Read Distress Page 8


  I said, “Nothing, really. I’m on holidays.”

  She glanced again at my notes on her desk screen – which would have included data from my pharm. “Good for you. Just don’t relax too hard.”

  I felt like an idiot, caught out in an obvious lie – but as I walked out of the surgery, it ceased to matter. The street was dappled with leaf-shadows, the breeze from the south was soft and cool. Junk DNA was over, and I felt as unburdened as if I’d just been granted a reprieve from a fatal disease. Epping was a quiet suburban center: a doctor, a dentist, a small supermarket, a florist, a hairdresser, and a couple of (non-experimental) restaurants. No Ruins; the commercial sector had been bulldozed fifteen years before and given over to engineered forest. No billboards (though advertising T-shirts almost made up for the loss).
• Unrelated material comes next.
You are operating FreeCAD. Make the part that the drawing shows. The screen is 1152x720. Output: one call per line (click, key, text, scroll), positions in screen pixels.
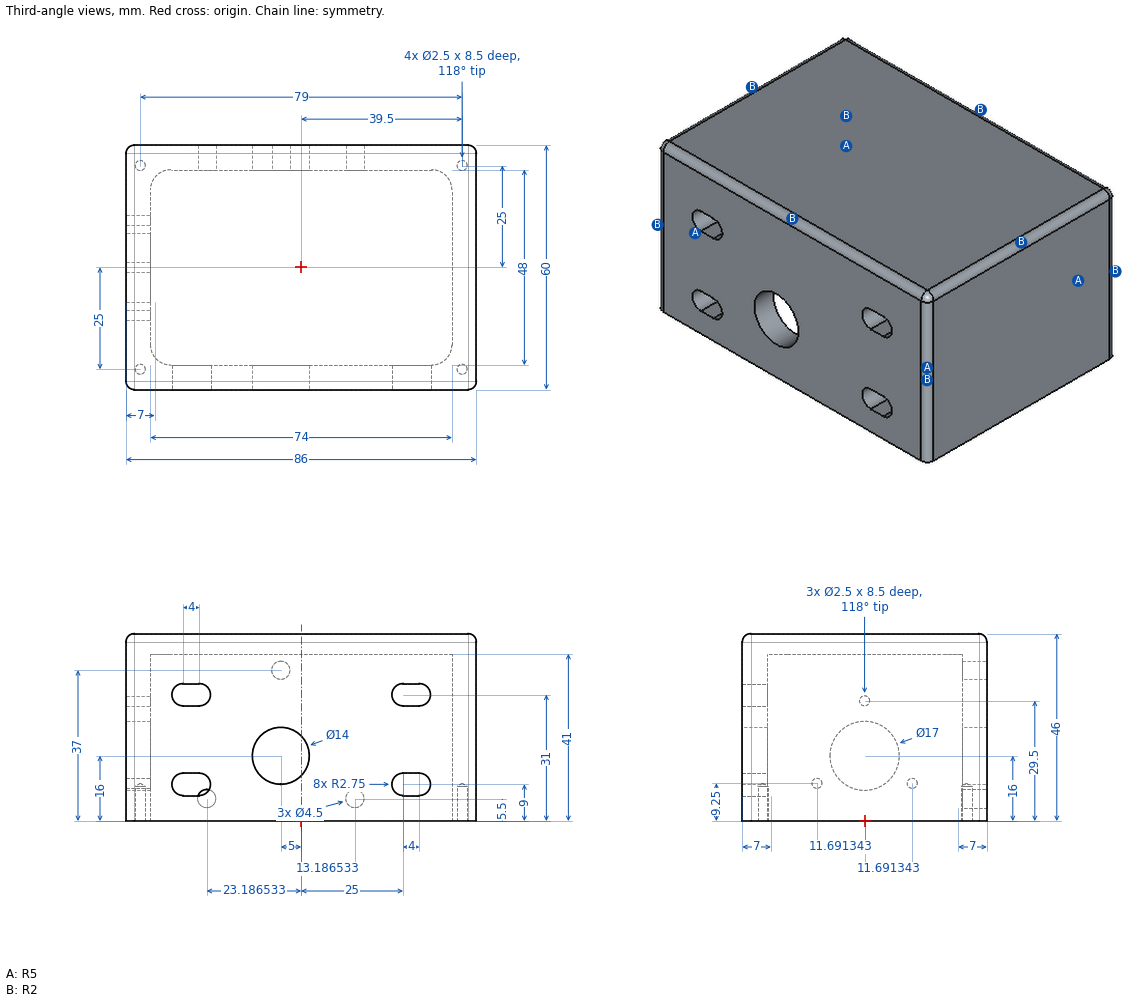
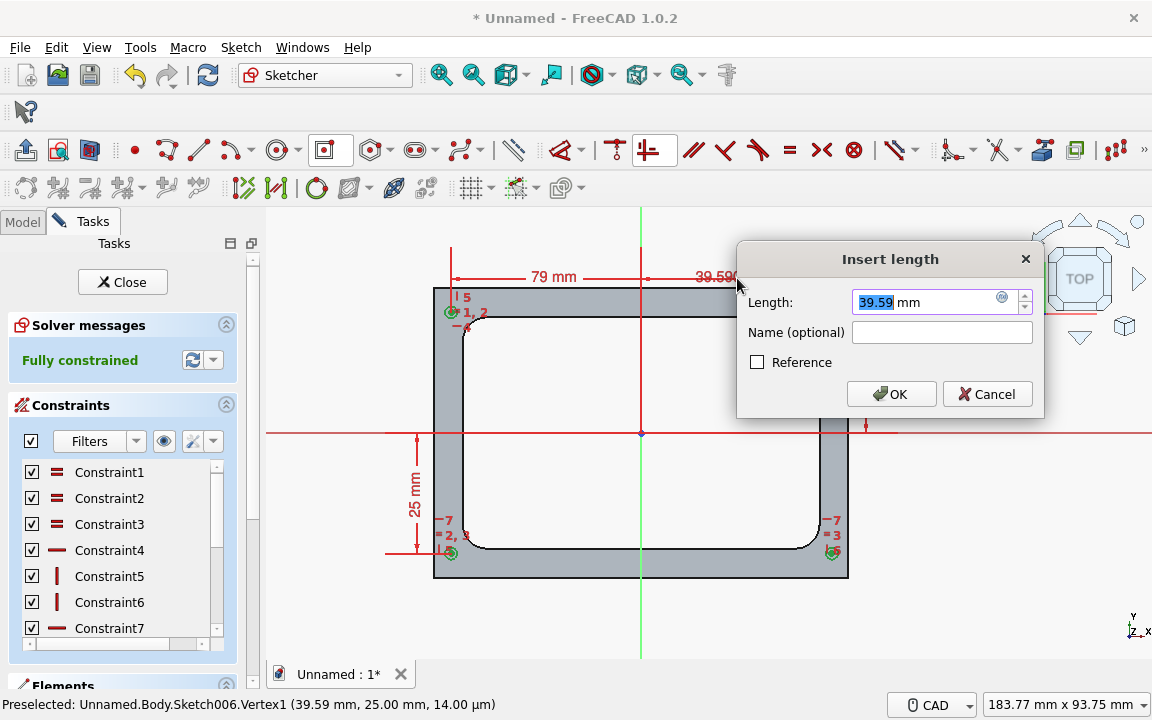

On rare Sunday afternoons when nothing else claimed our time, Gina and I walked up here for no reason at all, and sat beside the fountain. And when I came back from Stateless – with eight whole months to edit Violet Mosala into shape – there’d be more of those days than there’d been for a long while.

  When I opened the front door, Gina was standing in the hall, as if she’d been waiting for me to return. She seemed agitated. Distraught. I moved toward her, asking, “What’s wrong?” She backed away, raising her arms, almost as if she was fending off an attacker.

  She said, “Andrew, I know there’s no good time. But I waited—”

  At the end of the hall were three suitcases.

  The world drew itself away from me. Everything around me took one step back.

  I said, “What’s going on?”

  “Don’t get angry.”

  “I’m not angry.” That was the truth. “I just don’t understand.”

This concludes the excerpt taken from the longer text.